■ WHAT YOU WILL DO ■
Reproduce the entries exactly, but keep the pictures out of the copy.

─── DATA FOR REVIEW

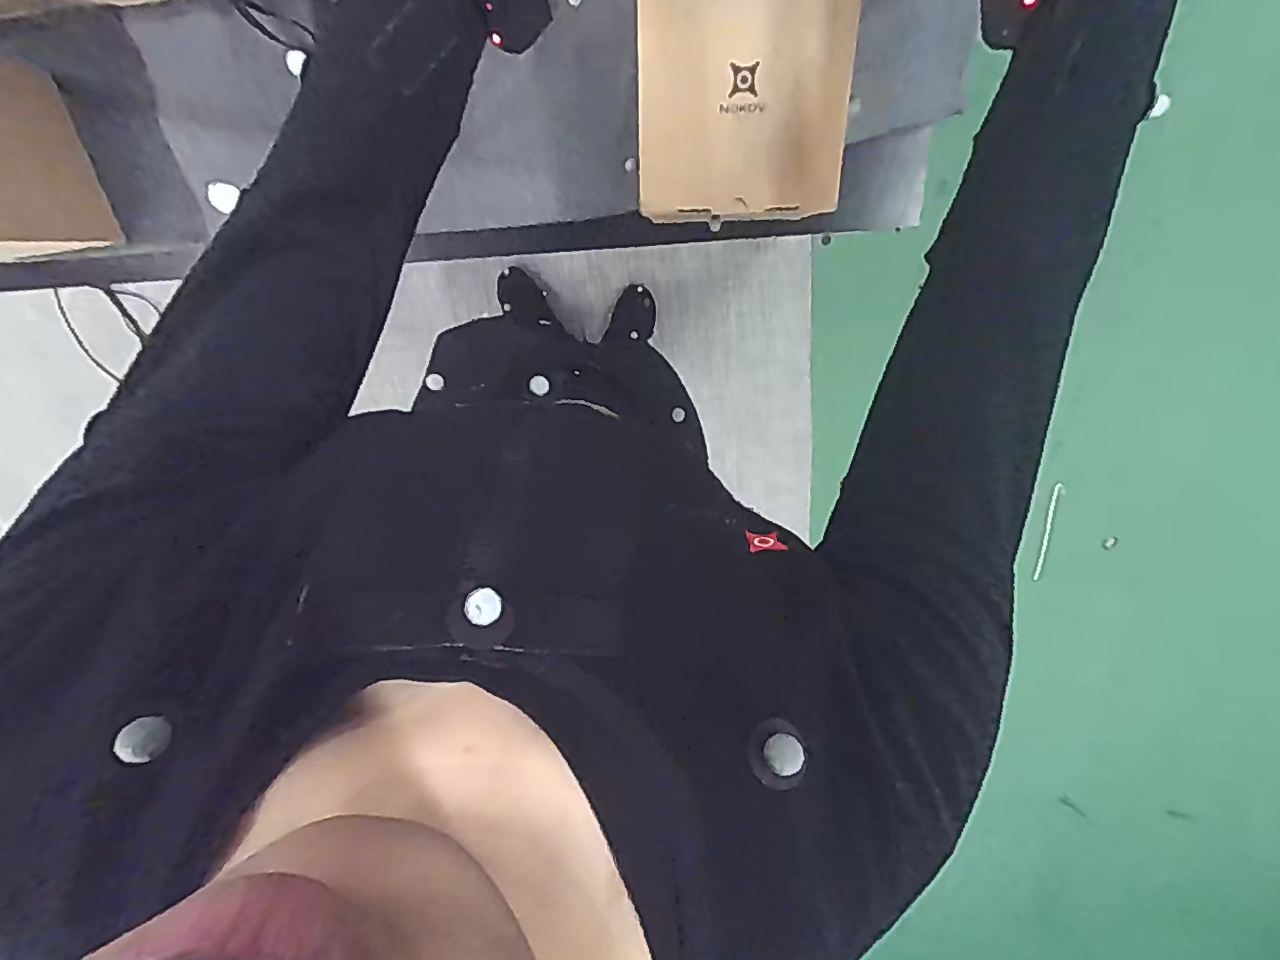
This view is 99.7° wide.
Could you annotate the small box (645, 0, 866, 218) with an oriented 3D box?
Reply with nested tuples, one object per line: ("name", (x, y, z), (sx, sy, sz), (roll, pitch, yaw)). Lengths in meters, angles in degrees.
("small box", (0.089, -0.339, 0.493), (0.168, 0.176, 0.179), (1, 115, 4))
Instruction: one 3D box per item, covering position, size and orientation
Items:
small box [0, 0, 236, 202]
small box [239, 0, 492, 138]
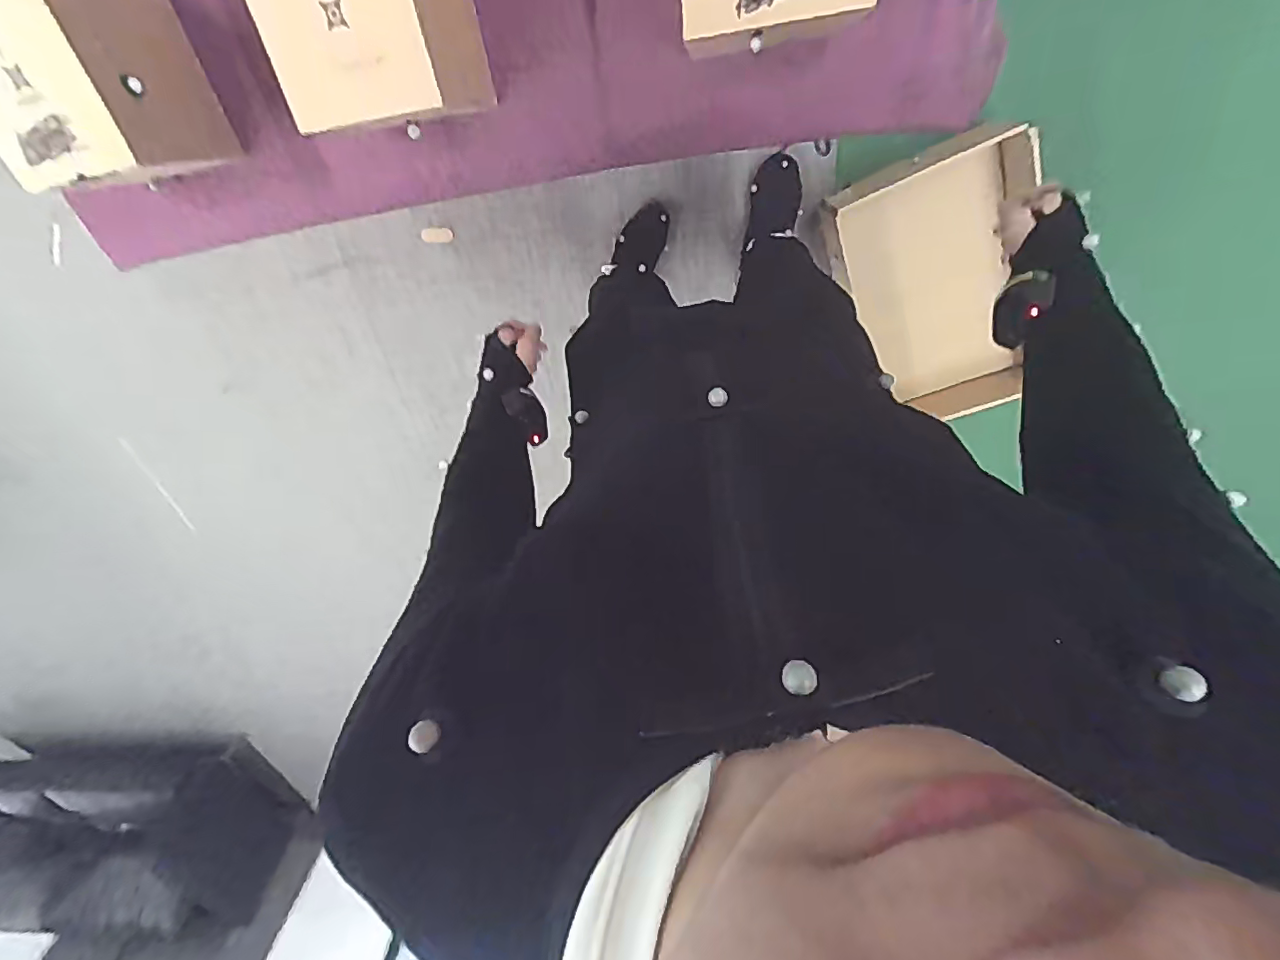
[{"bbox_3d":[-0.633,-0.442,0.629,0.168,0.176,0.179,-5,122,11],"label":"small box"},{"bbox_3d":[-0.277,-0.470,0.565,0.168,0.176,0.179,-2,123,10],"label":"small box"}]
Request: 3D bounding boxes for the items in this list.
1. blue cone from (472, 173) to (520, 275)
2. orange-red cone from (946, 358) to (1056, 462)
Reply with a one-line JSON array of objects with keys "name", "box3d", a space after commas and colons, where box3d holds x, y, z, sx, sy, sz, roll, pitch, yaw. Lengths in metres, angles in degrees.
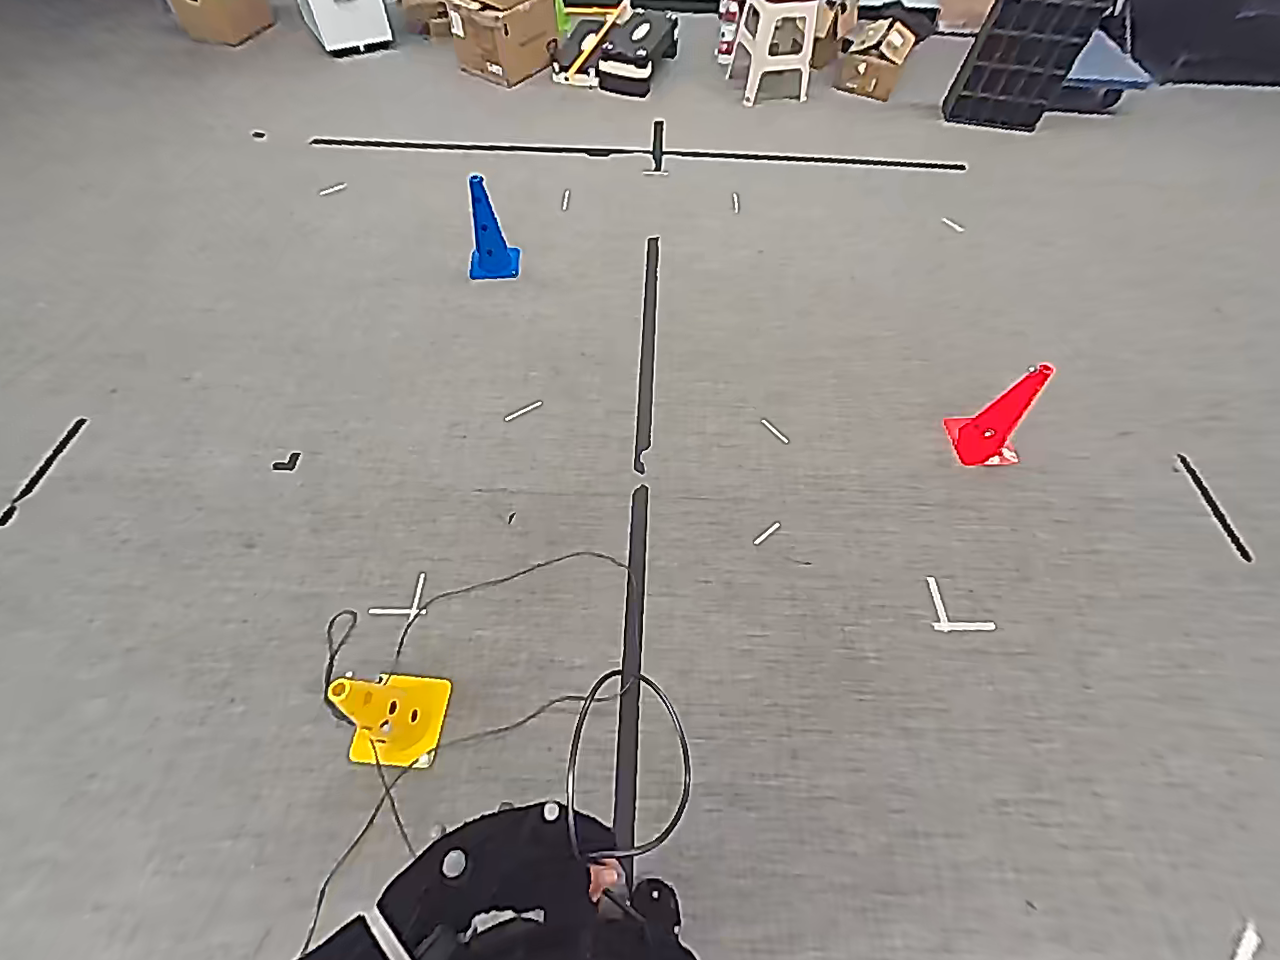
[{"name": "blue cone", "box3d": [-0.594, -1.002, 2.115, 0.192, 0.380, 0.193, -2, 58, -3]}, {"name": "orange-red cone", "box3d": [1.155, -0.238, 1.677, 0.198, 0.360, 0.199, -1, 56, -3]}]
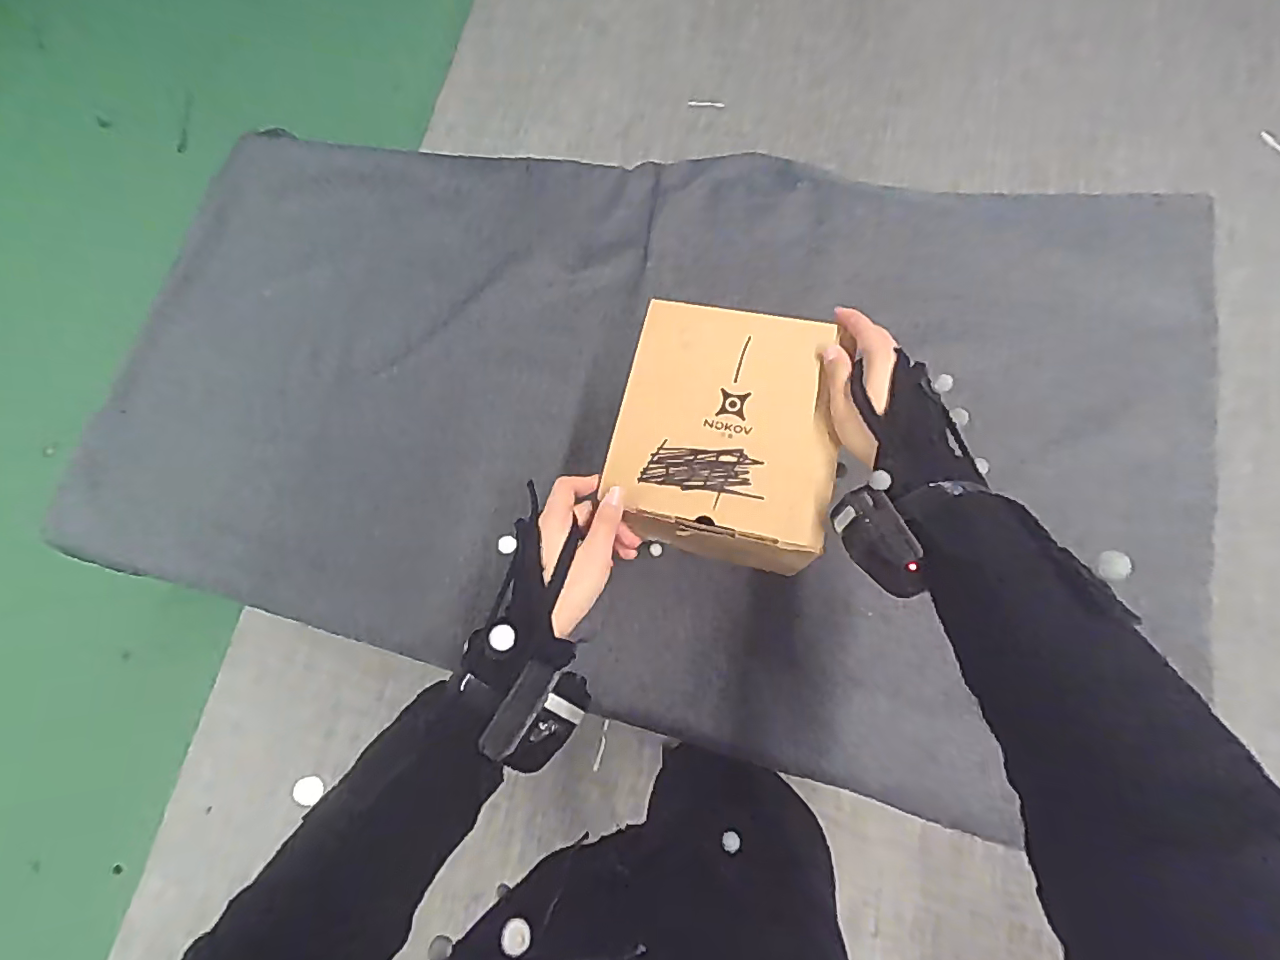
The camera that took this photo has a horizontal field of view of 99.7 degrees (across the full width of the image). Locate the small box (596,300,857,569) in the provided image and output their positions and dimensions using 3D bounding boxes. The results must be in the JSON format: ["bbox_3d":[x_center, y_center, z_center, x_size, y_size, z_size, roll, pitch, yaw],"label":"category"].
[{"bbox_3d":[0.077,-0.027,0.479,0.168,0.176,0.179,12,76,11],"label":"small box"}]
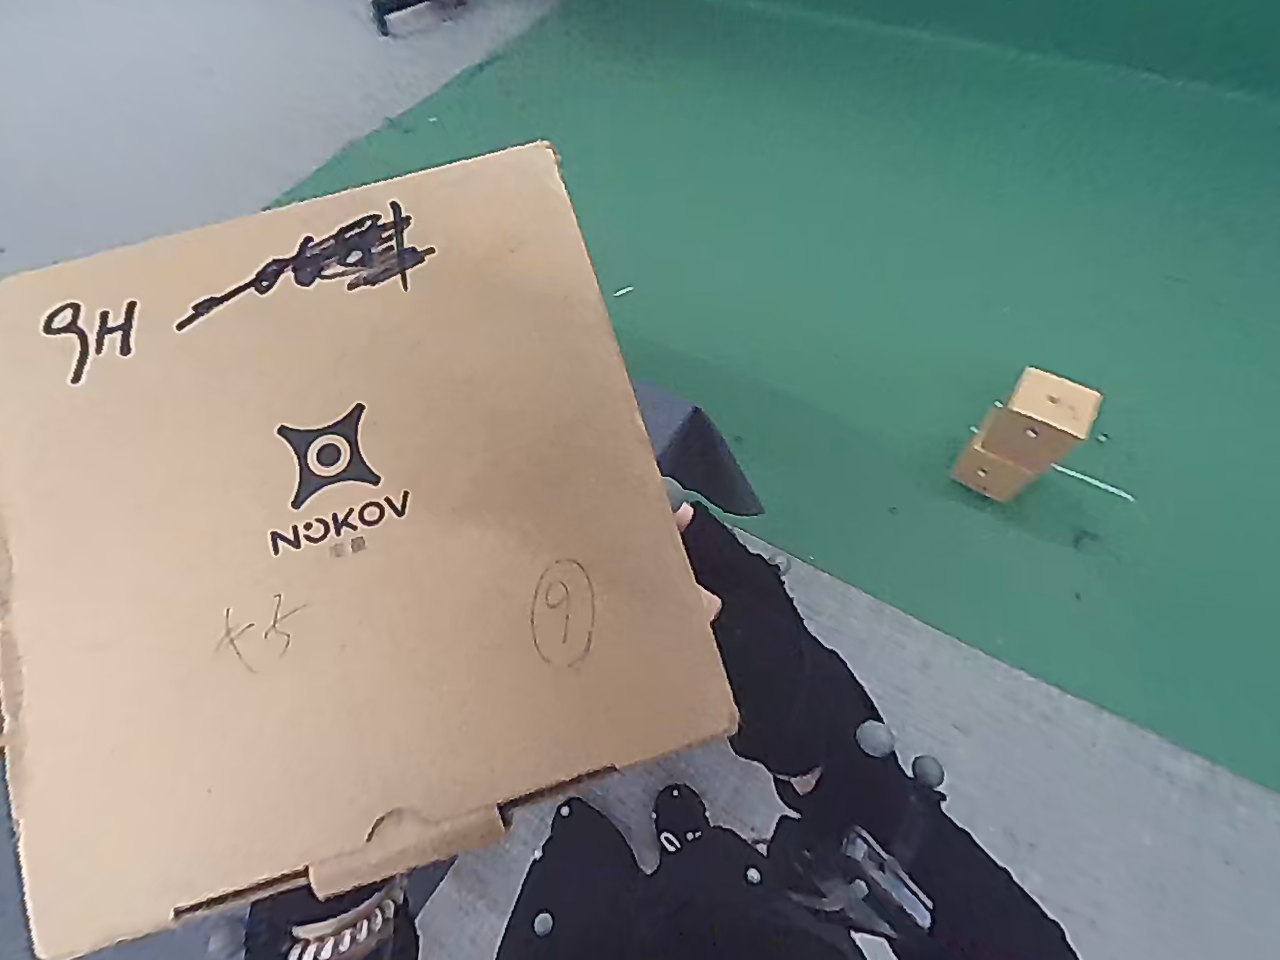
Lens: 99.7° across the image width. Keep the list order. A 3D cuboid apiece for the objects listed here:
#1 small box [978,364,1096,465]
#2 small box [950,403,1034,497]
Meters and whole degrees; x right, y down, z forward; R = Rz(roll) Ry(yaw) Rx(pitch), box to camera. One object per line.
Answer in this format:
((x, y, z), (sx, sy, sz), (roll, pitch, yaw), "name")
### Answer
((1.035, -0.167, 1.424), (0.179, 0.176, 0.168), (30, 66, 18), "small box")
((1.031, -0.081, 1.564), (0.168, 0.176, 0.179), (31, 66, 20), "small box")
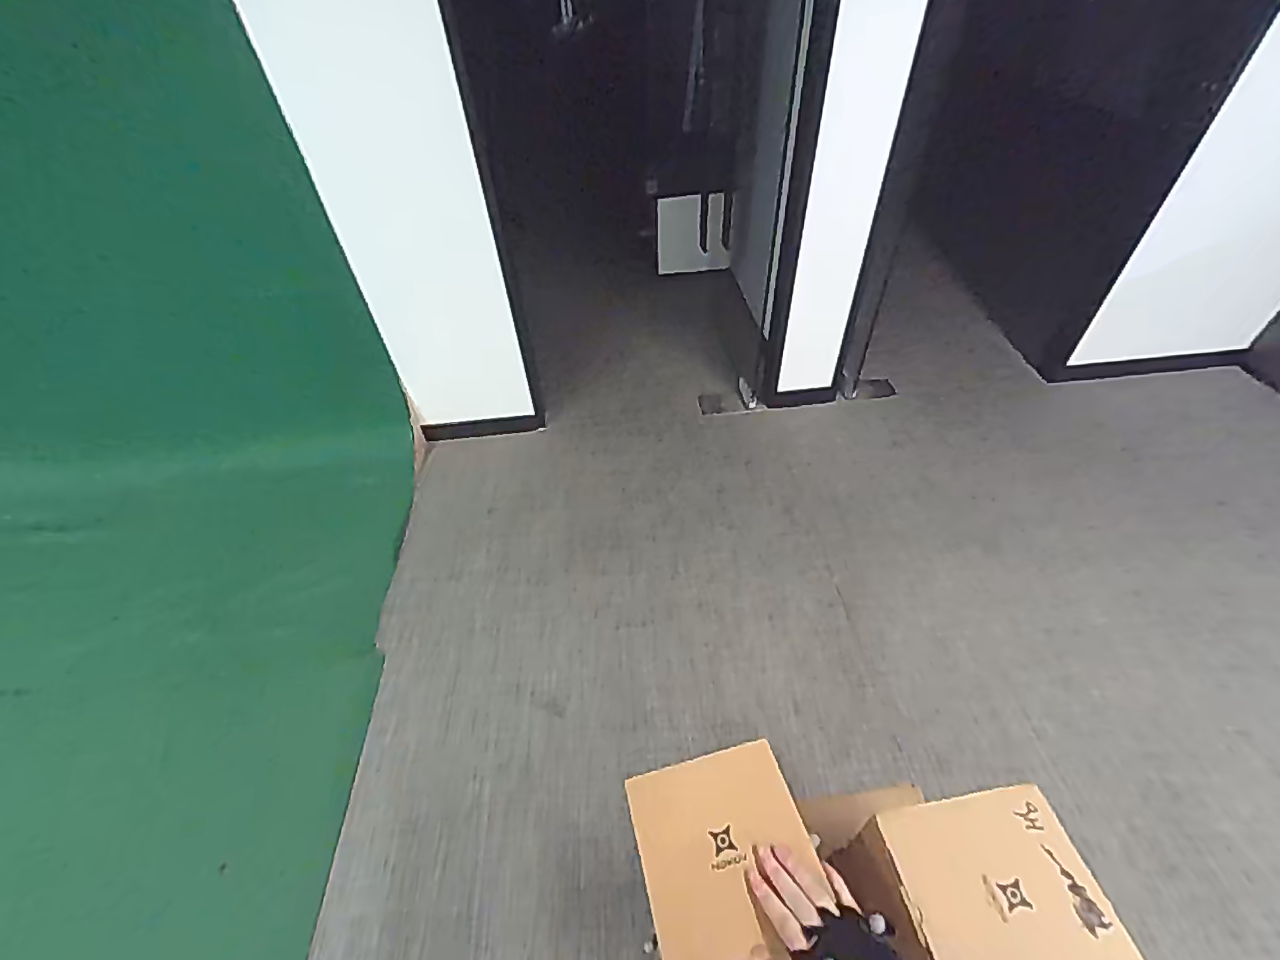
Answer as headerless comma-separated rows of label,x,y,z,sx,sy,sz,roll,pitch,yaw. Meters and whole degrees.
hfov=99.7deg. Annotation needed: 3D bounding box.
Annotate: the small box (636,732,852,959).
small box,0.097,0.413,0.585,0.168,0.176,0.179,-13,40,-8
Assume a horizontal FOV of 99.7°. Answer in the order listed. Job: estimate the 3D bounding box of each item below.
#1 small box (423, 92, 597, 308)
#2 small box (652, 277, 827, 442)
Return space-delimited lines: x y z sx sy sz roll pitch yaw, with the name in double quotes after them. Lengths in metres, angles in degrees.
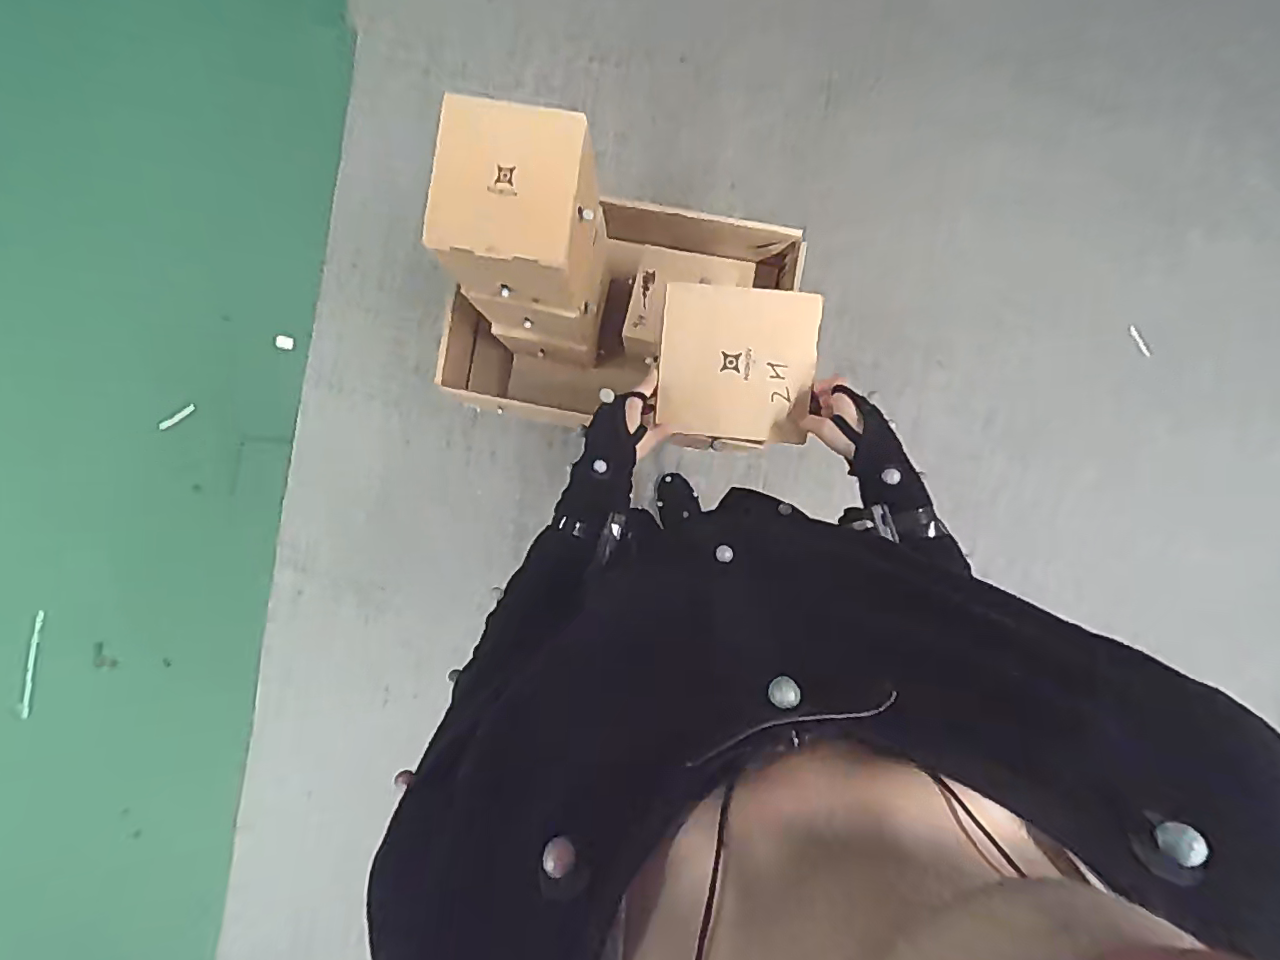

──────

■ RESPONSE AREA ■
This view is 99.7° wide.
Could you annotate the small box (645, 0, 866, 218) with an oriented 3D box?
Reply with nested tuples, one object per line: ("name", (x, y, z), (sx, sy, sz), (roll, pitch, yaw)). Lengths in meters, angles in degrees.
("small box", (0.089, -0.339, 0.493), (0.168, 0.176, 0.179), (1, 115, 4))
Instruction: one 3D box per item, covering position, size and orientation
Items:
small box [0, 0, 236, 202]
small box [239, 0, 492, 138]
[{"bbox_3d":[-0.633,-0.442,0.629,0.168,0.176,0.179,-5,122,11],"label":"small box"},{"bbox_3d":[-0.277,-0.470,0.565,0.168,0.176,0.179,-2,123,10],"label":"small box"}]
Request: 3D bounding boxes for the items in this list.
1. blue cone from (472, 173) to (520, 275)
2. orange-red cone from (946, 358) to (1056, 462)
Reply with a one-line JSON array of objects with keys "name", "box3d", a space after commas and colons, where box3d holds x, y, z, sx, sy, sz, roll, pitch, yaw. Lengths in metres, angles in degrees.
[{"name": "blue cone", "box3d": [-0.594, -1.002, 2.115, 0.192, 0.380, 0.193, -2, 58, -3]}, {"name": "orange-red cone", "box3d": [1.155, -0.238, 1.677, 0.198, 0.360, 0.199, -1, 56, -3]}]
The camera that took this photo has a horizontal field of view of 99.7 degrees (across the full width of the image). Locate the small box (596,300,857,569) in the provided image and output their positions and dimensions using 3D bounding boxes. The results must be in the JSON format: ["bbox_3d":[x_center, y_center, z_center, x_size, y_size, z_size, roll, pitch, yaw],"label":"category"].
[{"bbox_3d":[0.077,-0.027,0.479,0.168,0.176,0.179,12,76,11],"label":"small box"}]
Lens: 99.7° across the image width. Keep the list order. A 3D cuboid apiece for the objects listed here:
#1 small box [978,364,1096,465]
#2 small box [950,403,1034,497]
Meters and whole degrees; x right, y down, z forward; R = Rz(roll) Ry(yaw) Rx(pitch), box to camera. One object per line.
Answer in this format:
((x, y, z), (sx, sy, sz), (roll, pitch, yaw), "name")
### Answer
((1.035, -0.167, 1.424), (0.179, 0.176, 0.168), (30, 66, 18), "small box")
((1.031, -0.081, 1.564), (0.168, 0.176, 0.179), (31, 66, 20), "small box")
Answer as headerless comma-separated rows of label,x,y,z,sx,sy,sz,roll,pitch,yaw. Meters and whole degrees.
hfov=99.7deg. Annotation needed: 3D bounding box.
Annotate: the small box (636,732,852,959).
small box,0.097,0.413,0.585,0.168,0.176,0.179,-13,40,-8
Assume a horizontal FOV of 99.7°. Answer in the order listed. Job: estimate the 3D bounding box of each item below.
#1 small box (423, 92, 597, 308)
#2 small box (652, 277, 827, 442)
Return space-delimited lines: x y z sx sy sz roll pitch yaw, with the name in double quotes after them. Lengths in metres, angles in degrees.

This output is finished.